Als ich einst trostlos über meine
Lage nachdachte, fiel mir ein, daß ich oft in Franken Männer meines
Volkes gesehen hatte, die das Land durchzogen und ihre Waren auf den
Märkten der Städte auslegten; ich erinnerte mich, daß man ihnen gerne
abkaufte, weil sie aus der Fremde kamen, und daß man bei solchem
Handel das Hundertfache erwerben könne. Sogleich war auch mein
Entschluß gefaßt. Ich verkaufte mein väterliches Haus, gab einen
Teil des gelösten Geldes einem bewährten Freunde zum Aufbewahren, von
dem übrigen aber kaufte ich, was man in Franken selten hat, wie
Schals, seidene Zeuge, Salben und Öle, mietete einen Platz auf einem
Schiff und trat so meine zweite Reise nach Franken an.
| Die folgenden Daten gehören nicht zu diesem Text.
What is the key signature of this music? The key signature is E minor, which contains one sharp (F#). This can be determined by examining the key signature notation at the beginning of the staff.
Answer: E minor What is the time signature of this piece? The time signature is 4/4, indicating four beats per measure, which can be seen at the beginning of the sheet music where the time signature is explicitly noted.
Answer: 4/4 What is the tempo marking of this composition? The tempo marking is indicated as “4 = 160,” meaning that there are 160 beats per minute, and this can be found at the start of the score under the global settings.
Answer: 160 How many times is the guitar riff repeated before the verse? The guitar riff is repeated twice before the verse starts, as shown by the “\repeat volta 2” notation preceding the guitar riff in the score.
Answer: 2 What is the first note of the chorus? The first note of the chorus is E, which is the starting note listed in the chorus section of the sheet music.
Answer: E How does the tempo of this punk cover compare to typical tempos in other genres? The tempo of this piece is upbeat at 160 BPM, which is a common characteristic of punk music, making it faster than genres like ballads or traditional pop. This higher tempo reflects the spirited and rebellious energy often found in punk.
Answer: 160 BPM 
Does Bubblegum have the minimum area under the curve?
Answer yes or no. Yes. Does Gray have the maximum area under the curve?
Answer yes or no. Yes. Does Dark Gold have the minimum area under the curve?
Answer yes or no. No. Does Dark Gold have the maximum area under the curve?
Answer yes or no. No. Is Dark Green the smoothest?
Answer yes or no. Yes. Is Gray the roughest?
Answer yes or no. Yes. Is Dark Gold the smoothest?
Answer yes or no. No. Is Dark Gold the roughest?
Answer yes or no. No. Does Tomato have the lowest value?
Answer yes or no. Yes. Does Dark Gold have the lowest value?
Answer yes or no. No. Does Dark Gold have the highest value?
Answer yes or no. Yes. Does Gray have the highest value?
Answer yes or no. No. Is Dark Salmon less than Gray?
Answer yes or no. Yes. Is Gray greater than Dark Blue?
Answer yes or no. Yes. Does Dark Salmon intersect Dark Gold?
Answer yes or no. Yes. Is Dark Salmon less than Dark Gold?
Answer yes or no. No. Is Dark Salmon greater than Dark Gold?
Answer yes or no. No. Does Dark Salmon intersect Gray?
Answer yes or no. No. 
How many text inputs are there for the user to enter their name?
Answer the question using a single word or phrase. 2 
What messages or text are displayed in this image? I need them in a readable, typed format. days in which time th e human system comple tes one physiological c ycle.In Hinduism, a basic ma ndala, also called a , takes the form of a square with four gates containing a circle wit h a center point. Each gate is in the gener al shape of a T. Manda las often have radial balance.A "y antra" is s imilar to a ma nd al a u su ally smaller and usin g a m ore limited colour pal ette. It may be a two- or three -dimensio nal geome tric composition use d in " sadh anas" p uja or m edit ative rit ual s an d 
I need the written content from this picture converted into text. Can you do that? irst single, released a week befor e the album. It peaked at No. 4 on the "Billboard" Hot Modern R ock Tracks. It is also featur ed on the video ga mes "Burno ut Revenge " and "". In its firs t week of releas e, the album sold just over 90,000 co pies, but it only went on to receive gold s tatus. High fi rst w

Es schien, als ob das Glück, sobald ich die Schlösser der Dardanellen
im Rücken hatte, mir wieder günstig geworden wäre. Unsere Fahrt war
kurz und glücklich. Ich durchzog die großen und kleinen Städte der
Franken und fand überall willige Käufer meiner Waren. Mein Freund in
Stambul sandte mir immer wieder frische Vorräte, und ich wurde von
Tag zu Tag wohlhabender. Als ich endlich so viel erspart hatte, daß
ich glaubte, ein größeres Unternehmen wagen zu können, zog ich mit
meinen Waren nach Italien. Etwas muß ich aber noch gestehen, was mir
auch nicht wenig Geld einbrachte: ich nahm auch meine Arzneikunst zu
Hilfe. Wenn ich in eine Stadt kam, ließ ich durch Zettel verkünden,
daß ein griechischer Arzt da sei, der schon viele geheilt habe; und
wahrlich, mein Balsam und meine Arzneien haben mir manche Zechine
eingebracht.
So war ich endlich nach der Stadt Florenz in Italien gekommen. Ich
nahm mir vor, längere Zeit in dieser Stadt zu bleiben, teils weil sie
mir so wohl gefiel, teils auch, weil ich mich von den Strapazen
meines Umherziehens erholen wollte. Ich mietete mir ein Gewölbe in
dem Stadtviertel St. Croce und nicht weit davon ein paar schöne
Zimmer, die auf einen Altan führten, in einem Wirtshaus. Sogleich
ließ ich auch meine Zettel umhertragen, die mich als Arzt und
Kaufmann ankündigten. Ich hatte kaum mein Gewölbe eröffnet, so
strömten auch die Käufer herzu, und ob ich gleich ein wenig hohe
Preise hatte, so verkaufte ich doch mehr als andere, weil ich
gefällig und freundlich gegen meine Kunden war. Ich hatte schon vier
Tage vergnügt in Florenz verlebt, als ich eines Abends, da ich schon
mein Gewölbe schließen und nur die Vorräte in meinen Salbenbüchsen
nach meiner Gewohnheit noch einmal mustern wollte, in einer kleinen
Büchse einen Zettel fand, den ich mich nicht erinnerte, hineingetan
zu haben. Ich öffnete den Zettel und fand darin eine Einladung,
diese Nacht Punkt zwölf Uhr auf der Brücke, die man Ponte vecchio
heißt, mich einzufinden. Ich sann lange darüber nach, wer es wohl
sein könnte, der mich dorthin einlud, da ich aber keine Seele in
Florenz kannte, dachte ich, man werde mich vielleicht heimlich zu
irgendeinem Kranken führen wollen, was schon öfter geschehen war.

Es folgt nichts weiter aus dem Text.